Records shown Start Marker

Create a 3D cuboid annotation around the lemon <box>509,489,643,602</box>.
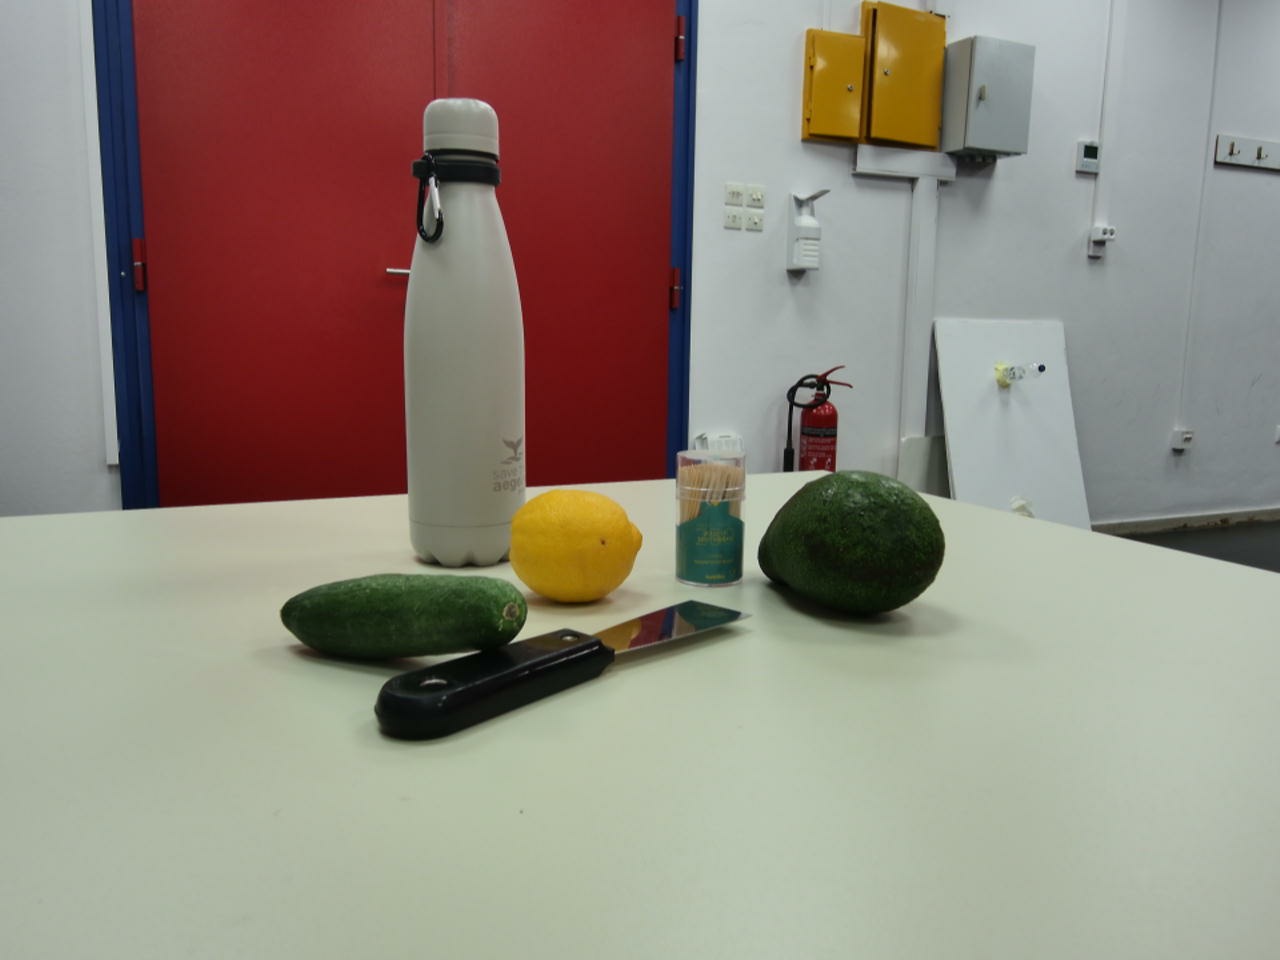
[{"bbox_3d":[-0.036,0.035,0.530,0.067,0.059,0.060,3,7,17],"label":"lemon"}]
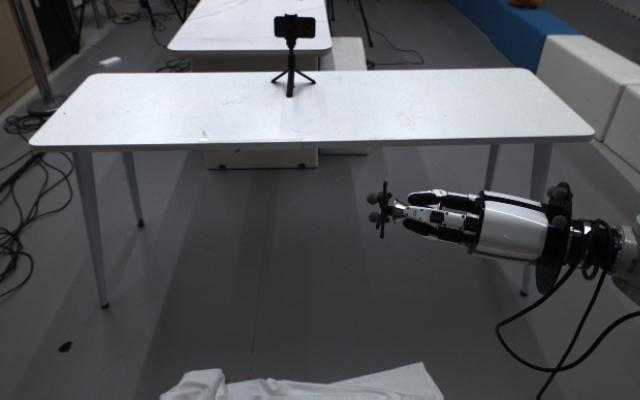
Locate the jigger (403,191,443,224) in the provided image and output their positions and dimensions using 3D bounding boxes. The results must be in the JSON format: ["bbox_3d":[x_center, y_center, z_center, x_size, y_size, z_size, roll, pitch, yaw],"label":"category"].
[{"bbox_3d":[0.154,0.014,0.732,0.071,0.043,0.043,4,34,19],"label":"jigger"}]
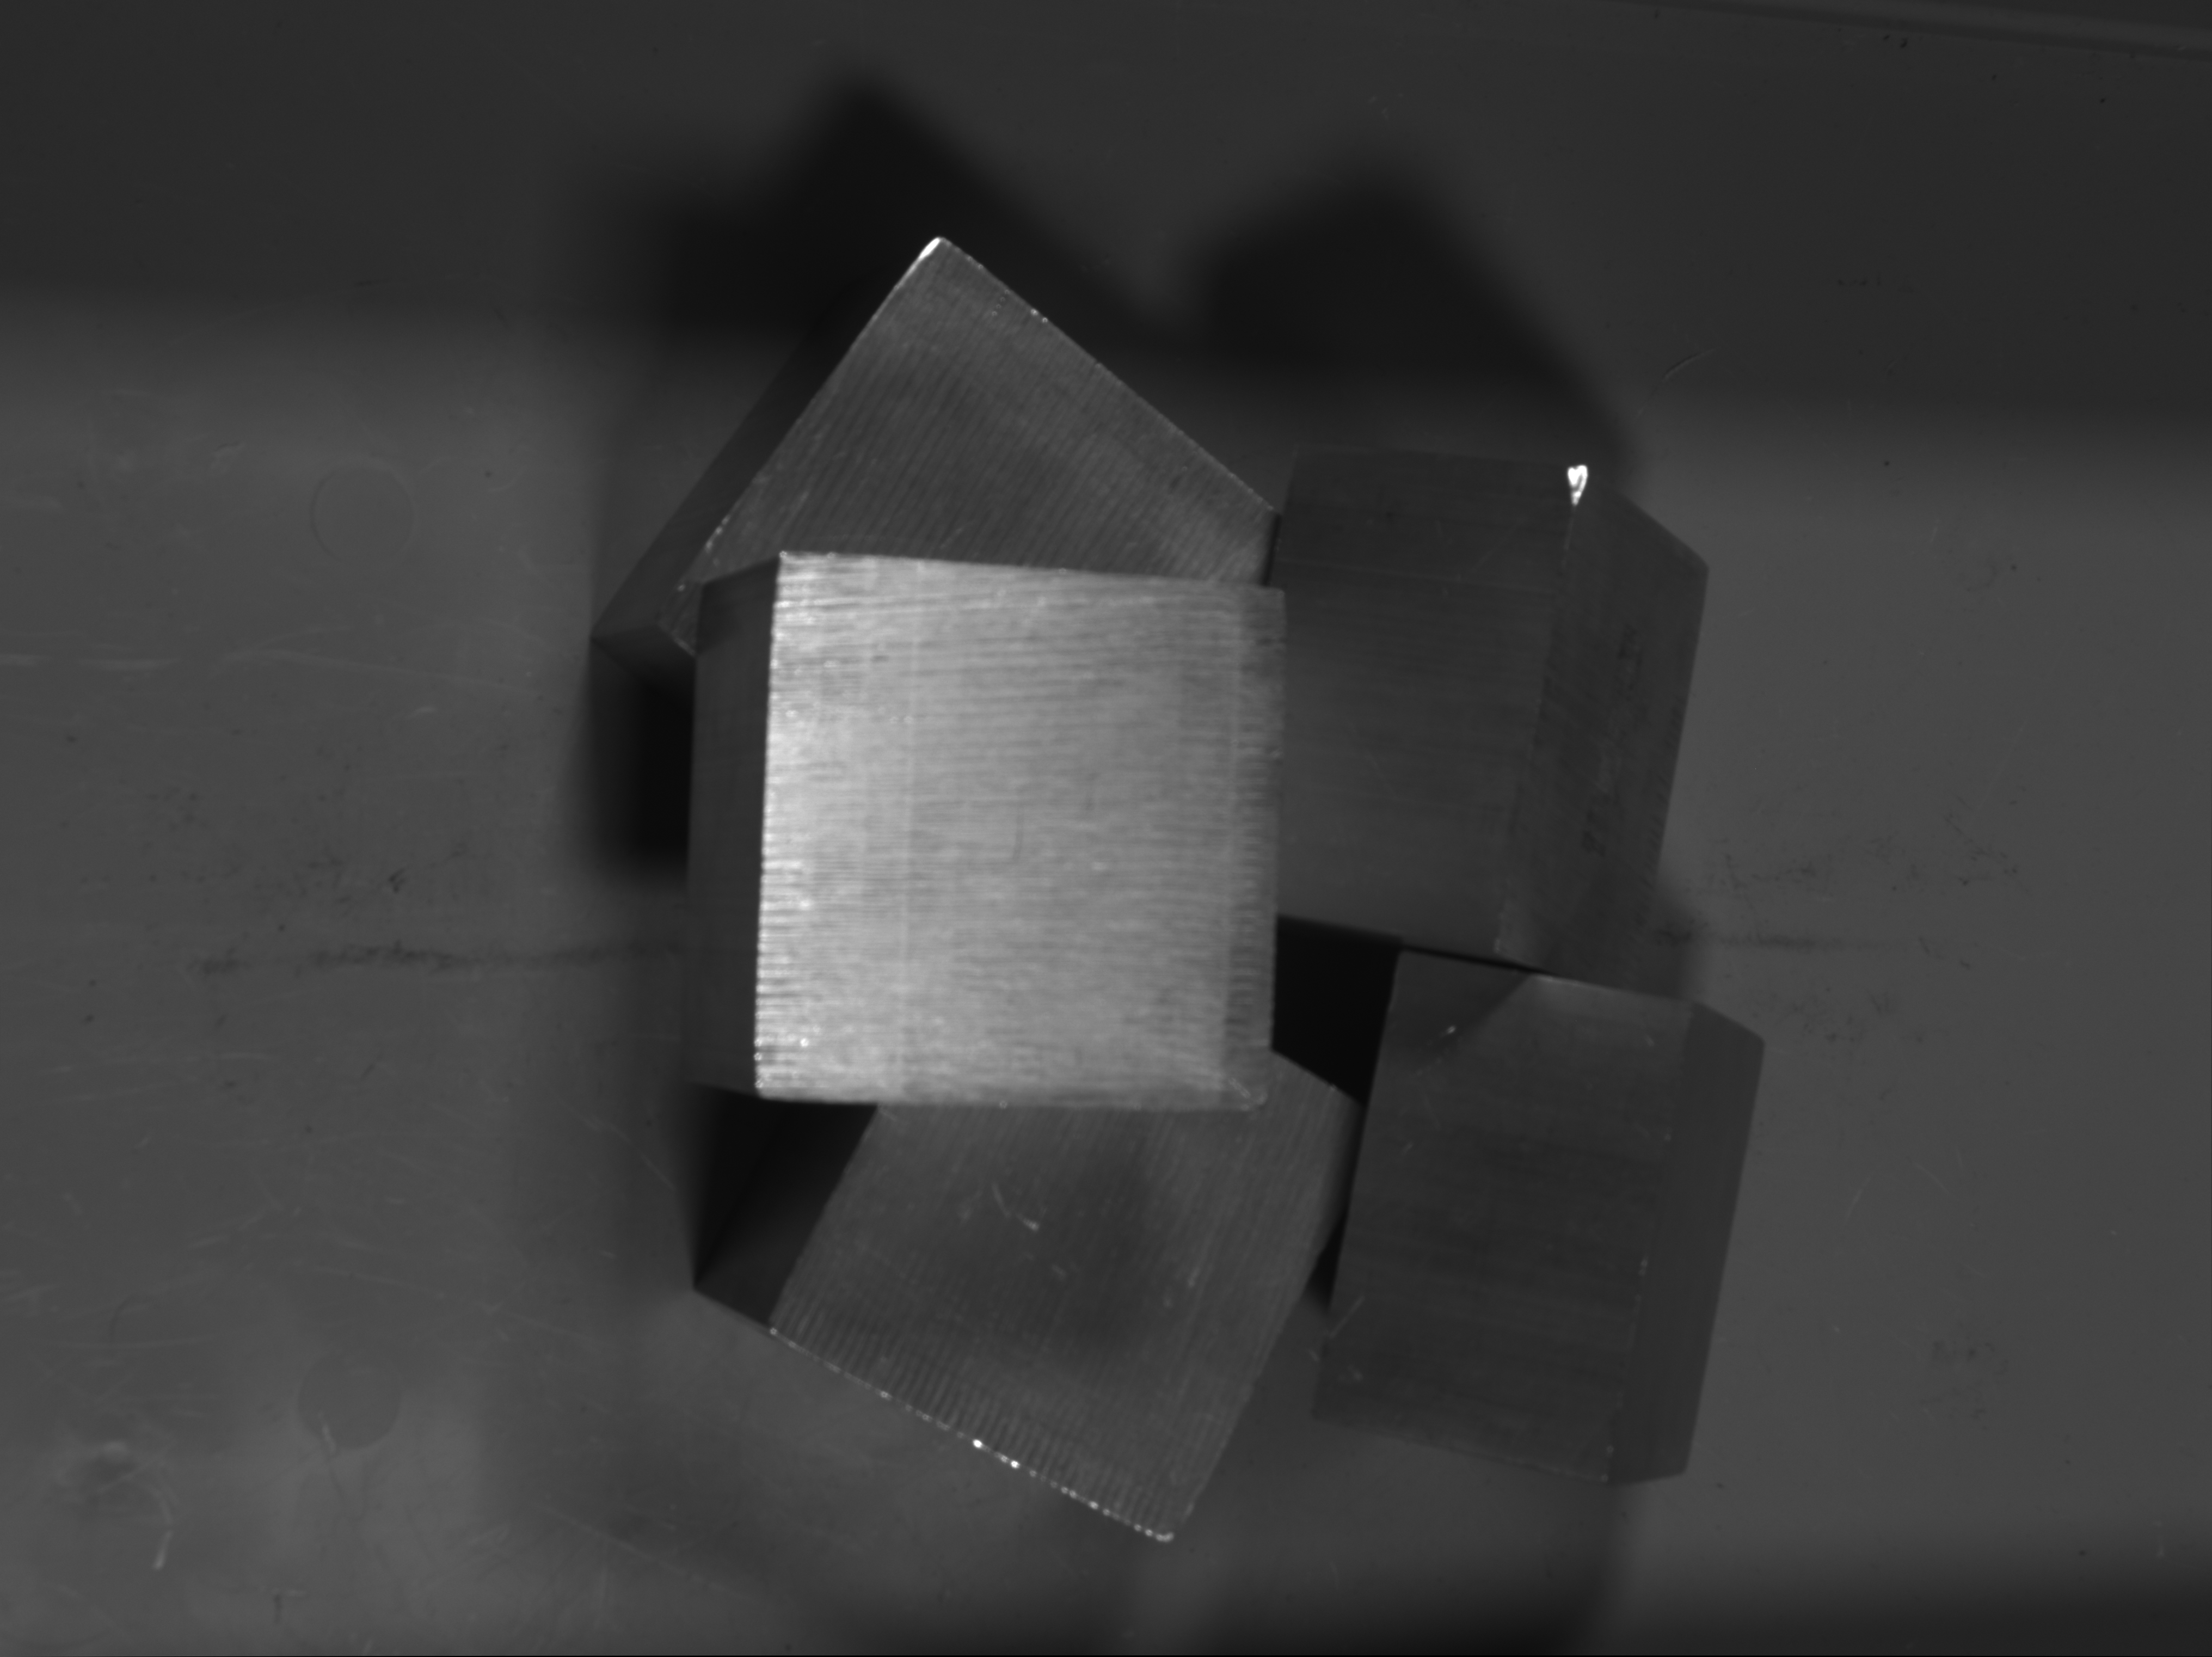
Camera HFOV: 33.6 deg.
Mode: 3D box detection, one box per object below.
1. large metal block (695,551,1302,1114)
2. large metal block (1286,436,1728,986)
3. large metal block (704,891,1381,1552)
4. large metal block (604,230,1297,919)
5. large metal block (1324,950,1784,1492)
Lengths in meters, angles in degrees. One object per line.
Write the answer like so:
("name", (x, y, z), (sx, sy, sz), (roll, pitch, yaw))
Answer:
("large metal block", (-0.017, 0.002, 0.568), (0.080, 0.050, 0.080), (3, 88, -19))
("large metal block", (0.066, -0.017, 0.630), (0.080, 0.050, 0.080), (19, 81, -64))
("large metal block", (-0.009, 0.065, 0.623), (0.080, 0.050, 0.080), (31, 80, -17))
("large metal block", (-0.025, -0.041, 0.620), (0.080, 0.050, 0.080), (38, 78, -16))
("large metal block", (0.080, 0.069, 0.635), (0.050, 0.080, 0.080), (10, 85, 20))
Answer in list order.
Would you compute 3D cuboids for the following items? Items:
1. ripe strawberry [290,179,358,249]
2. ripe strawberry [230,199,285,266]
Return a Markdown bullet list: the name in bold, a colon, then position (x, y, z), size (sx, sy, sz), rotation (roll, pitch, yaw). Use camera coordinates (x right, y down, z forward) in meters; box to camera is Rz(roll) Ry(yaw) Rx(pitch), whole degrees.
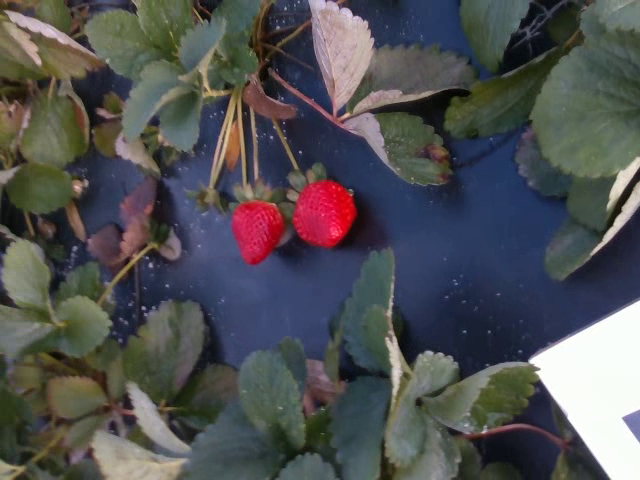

Records shown End Marker

What is required >>
Exact duplication is required for the lines above, from the line that contains "Write the answer" to the line that contains "(roll, pitch, yaw))", inclusive; omit all others.

Response area >>
Write the answer like so:
("name", (x, y, z), (sx, sy, sz), (roll, pitch, yaw))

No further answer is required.